In reviewing the record, this court "may not re-weigh the evidence or substitute its judgment for that of the ALJ." Skarbek v. Barnhart, 390 F.3d 500, 503 (7th Cir. 2004) (citing Lopez ex rel. Lopez v. Barnhart, 336 F.3d 535, 539 (7th Cir. 2003)). Rather, reviewing courts must determine whether the ALJ built an "accurate and logical bridge between the evidence and the result to afford the claimant meaningful judicial review of the administrative findings." Beardsley, 758 F.3d at 837 (citing Blakes, 331 F.3d at 569; Zurawski v. Halter, 245 F.3d 881, 887 (7th Cir. 2001)). Judicial review is limited to the rationales offered by the ALJ. See Steele v. Barnhart, 290 F.3d 936, 941 (7th Cir. 2002) (citing SEC v. Chenery Corp., 318 U.S. 80, 93-95 (1943); Johnson v. Apfel, 189 F.3d 561, 564 (7th Cir. 1999); Sarchet v. Chater, 78 F.3d 305, 307 (7th Cir. 1996)).

ANALYSIS

Payne raises only one issue on appeal: that the ALJ erred in weighing the opinion of Dr. Opaneye, his treating psychiatrist. Dr. Opaneye began treating Payne on June 10, 2014. See R. 406. At his initial intake evaluation, Payne reported having a long-standing history of psychiatric condition dating back to around age fourteen. R. 407. He attributed his mental-health issues to his physically and emotionally abusive childhood and to witnessing frequent violence "on the street in Milwaukee." R. 407. Payne reported that he had his first psychiatric encounter when he was about ten years for being disorderly in school. R. 408. He also reported multiple psychiatric hospitalizations and claimed to have attempted suicide by drug overdose on at least one occasion. During the mental-status examination, Dr. Opaneye noted that Payne was appropriately dressed and groomed and maintained good eye contact. R. 409. He described Payne's mood as anxious, with a congruent affect and mood. According to Dr. Opaneye, Payne's insight, judgment, and impulse control was "limited to fair" and his fund of knowledge, attention span, concentration, and cognition was "fair to adequate." R. 409. Dr. Opaneye diagnosed chronic post-traumatic stress disorder, major depressive disorder (recurrent, moderate), and cannabis abuse (continuous), and he prescribed psychiatric medication. R. 409-10.

On September 6, 2017, Dr.

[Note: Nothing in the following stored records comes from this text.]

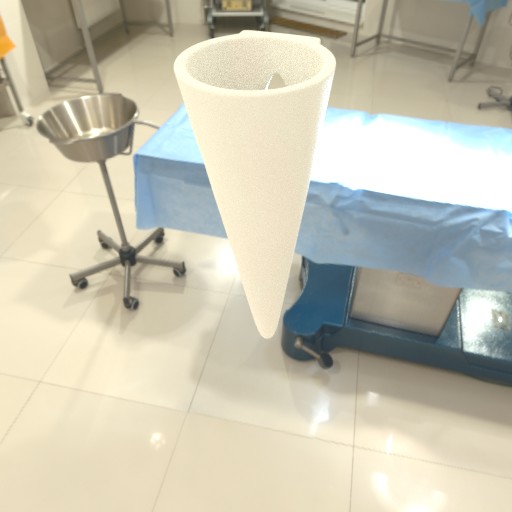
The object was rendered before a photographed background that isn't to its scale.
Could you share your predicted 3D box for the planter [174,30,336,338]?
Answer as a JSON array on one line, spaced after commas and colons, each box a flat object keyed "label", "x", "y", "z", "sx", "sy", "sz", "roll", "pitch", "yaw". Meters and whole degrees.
[{"label": "planter", "x": 0.000, "y": 0.000, "z": 0.225, "sx": 0.057, "sy": 0.193, "sz": 0.064, "roll": 13, "pitch": 44, "yaw": 14}]
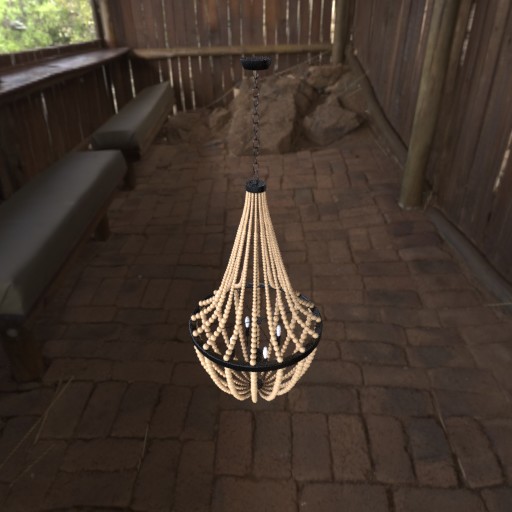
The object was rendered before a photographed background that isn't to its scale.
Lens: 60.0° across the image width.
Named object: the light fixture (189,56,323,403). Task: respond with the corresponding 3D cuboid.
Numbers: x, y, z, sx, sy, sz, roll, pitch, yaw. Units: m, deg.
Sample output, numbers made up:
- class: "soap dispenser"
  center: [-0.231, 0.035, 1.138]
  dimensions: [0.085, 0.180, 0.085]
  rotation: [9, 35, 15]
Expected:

Opaneye filled out a mental work capacity questionnaire. See R. 995-98. He noted that he saw Payne every two to three months for psychiatric medication management. R. 995. Dr. Opaneye opined that Payne was incapable of even low-stress jobs due to his frequent mood swings and anxiety attacks related to "triggers." R. 996. According to Dr. Opaneye, Payne had a moderate restriction in his activities of daily living; marked difficulties in maintaining social functioning; marked difficulties in maintaining concentration, persistence, or pace; and had experienced three episodes of decompensation within the last year, each lasting at least two weeks in duration. R. 997. Dr. Opaneye further opined that Payne had an occupational and social impairment with reduced reliability and productivity. R. 998.

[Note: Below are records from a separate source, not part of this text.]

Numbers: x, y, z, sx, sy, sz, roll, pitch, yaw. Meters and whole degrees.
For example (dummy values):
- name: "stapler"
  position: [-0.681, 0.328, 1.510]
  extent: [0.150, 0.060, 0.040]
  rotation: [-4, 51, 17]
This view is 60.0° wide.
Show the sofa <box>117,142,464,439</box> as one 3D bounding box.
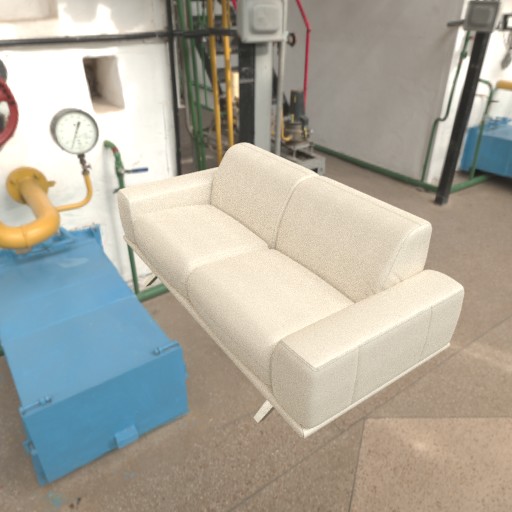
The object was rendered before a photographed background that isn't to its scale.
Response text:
- name: "sofa"
  position: [0.000, 0.000, 2.403]
  extent: [0.900, 0.772, 1.901]
  rotation: [-19, 36, -29]
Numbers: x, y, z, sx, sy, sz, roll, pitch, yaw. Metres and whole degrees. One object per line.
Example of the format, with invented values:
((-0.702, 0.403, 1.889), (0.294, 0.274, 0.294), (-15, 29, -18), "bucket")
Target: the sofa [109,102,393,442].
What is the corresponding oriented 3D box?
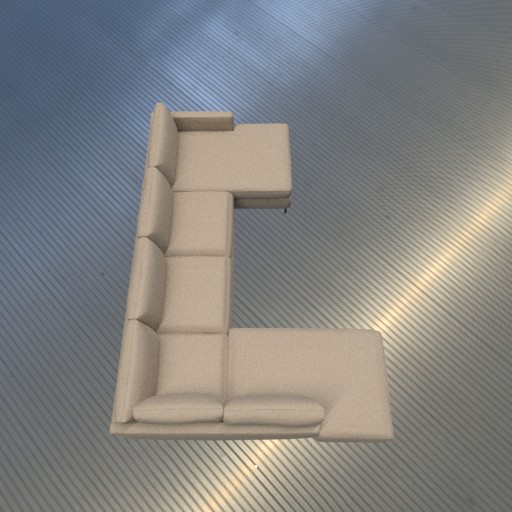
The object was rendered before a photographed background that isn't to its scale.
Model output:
((0.000, 0.000, 3.546), (1.879, 0.756, 2.737), (0, 65, 0), "sofa")

The ALJ assigned little weight to the opinions contained in the mental work capacity questionnaire. See R. 30. The ALJ determined that Dr. Opaneye's opinion that Payne would be unable to perform even low-stress jobs was "inconsistent with the record as a whole, particularly the doctor's own examination reports, since the doctor himself regularly stated that the claimant appeared 'okay' or 'a bit' anxious during his examinations." R. 30. The ALJ further stated that, "[e]ven taking into account the anxious and irritable moods more frequently documented by Ms. Yeske, [Dr. Opaneye's] opinion fails to address or account for [Payne's] repeated noncompliance with treatment." R. 30.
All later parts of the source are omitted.